She takes us inside the boardrooms where European executives suppress their squeamishness about advertising medication to Americans using a catchy jingle — and get rewarded for their boldness/unprincipledness (delete as appropriate) with soaring stock prices. She takes us to the dinners and deals where pharma reps woo doctors over arugula and eggplant salads.
There is the good and the bad. She takes us to the women who had spent their lives loathing their bodies and now find they can move freely — physically and in society. Then she unflinchingly describes some of the more unpleasant rare side-effects.

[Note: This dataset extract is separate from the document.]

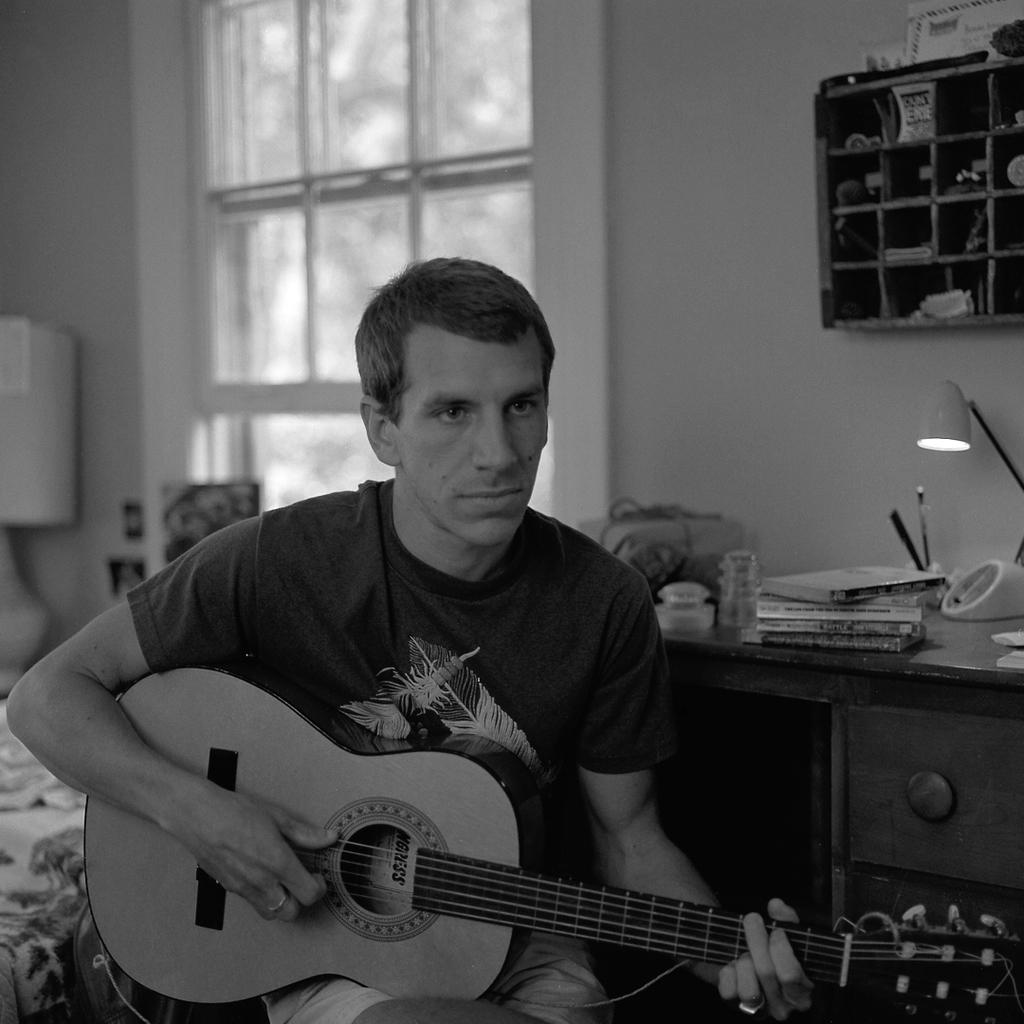What is the man in the image doing? The man is playing guitar. What is the man wearing? The man is wearing a T-shirt. What can be seen on the table in the image? There are books, a lamp, and other items on the table. What is visible in the background of the image? There is a bed and a window in the background. What type of arch can be seen in the image? There is no arch present in the image. How many cups are visible on the table in the image? There is no mention of cups in the image; only books, a lamp, and other items are visible on the table.

Such as the woman whose gut essentially stopped working. Food just got stuck, with very smelly results.
She also talks about the problem highlighted by a report this week that if you come off them, the weight piles back on. To the concern of public health officials, and the delight of pharmaceutical investors, these may well be drugs for life.

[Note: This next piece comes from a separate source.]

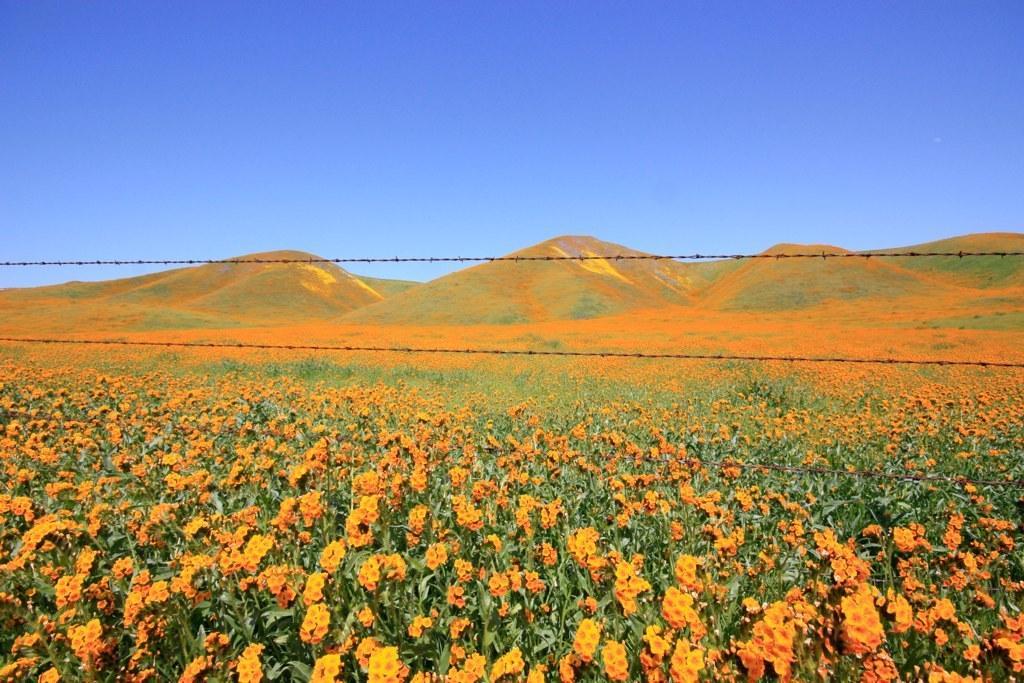Can you describe this image briefly? In this image, we can see some flowers, we can see mountains, at the top we can see the blue sky. 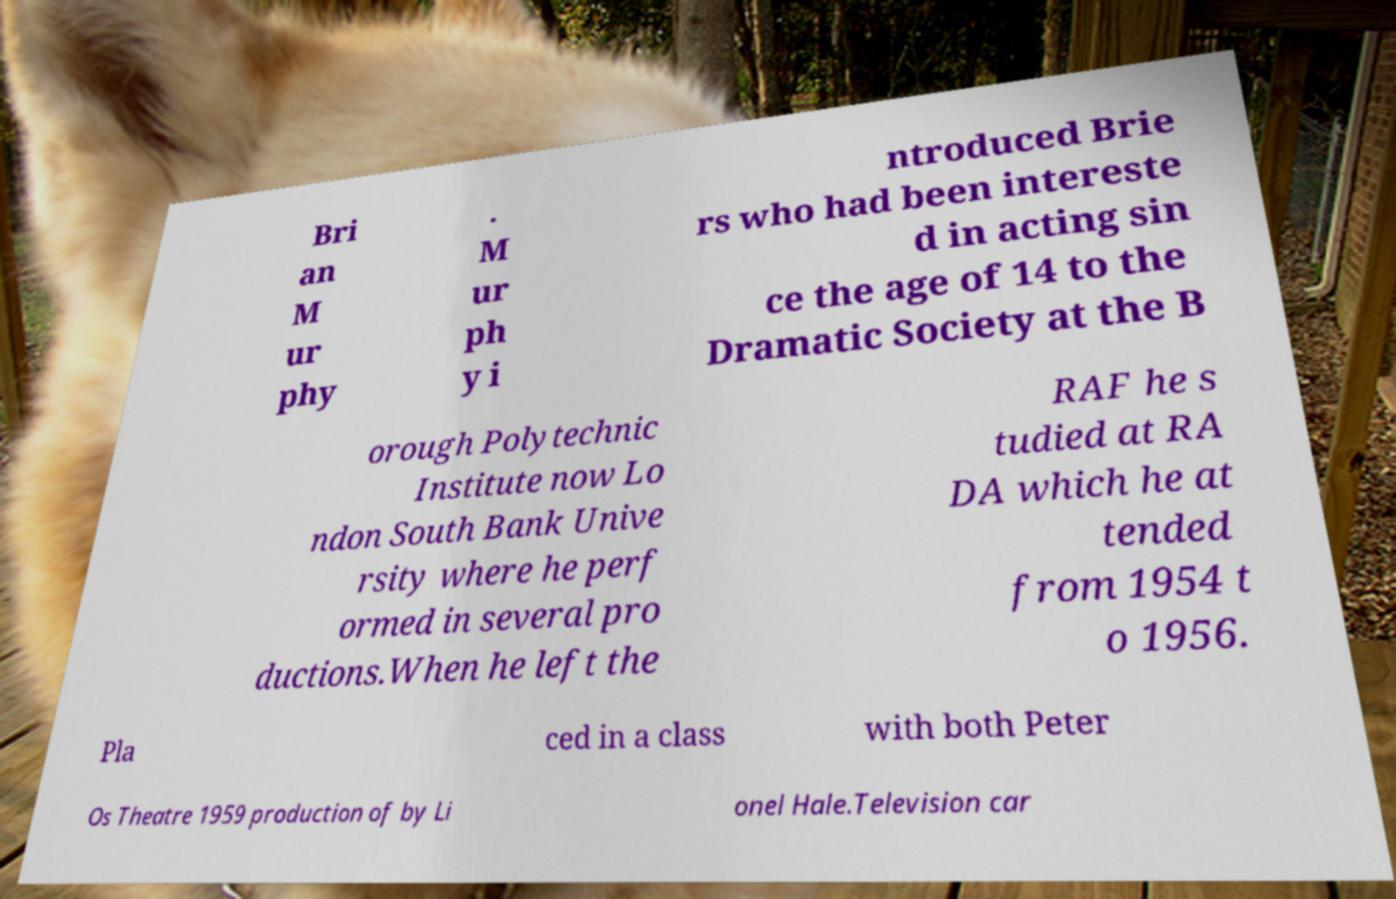What messages or text are displayed in this image? I need them in a readable, typed format. Bri an M ur phy . M ur ph y i ntroduced Brie rs who had been intereste d in acting sin ce the age of 14 to the Dramatic Society at the B orough Polytechnic Institute now Lo ndon South Bank Unive rsity where he perf ormed in several pro ductions.When he left the RAF he s tudied at RA DA which he at tended from 1954 t o 1956. Pla ced in a class with both Peter Os Theatre 1959 production of by Li onel Hale.Television car

You can tell Donnellan is a journalist. The book is reported non-fiction, and it is done very well — briskly and brightly and with lots of shoe leather. It is also the sort of book where you tend to meet interviewees alongside brief precis of an arbitrarily chosen body part. One man is tall and brawny. Another has soft brown eyes that crease at the edges. One scientist will learn on reading the book that — perhaps to her surprise — she has “darting blue eyes that appear to be always scanning and observing”.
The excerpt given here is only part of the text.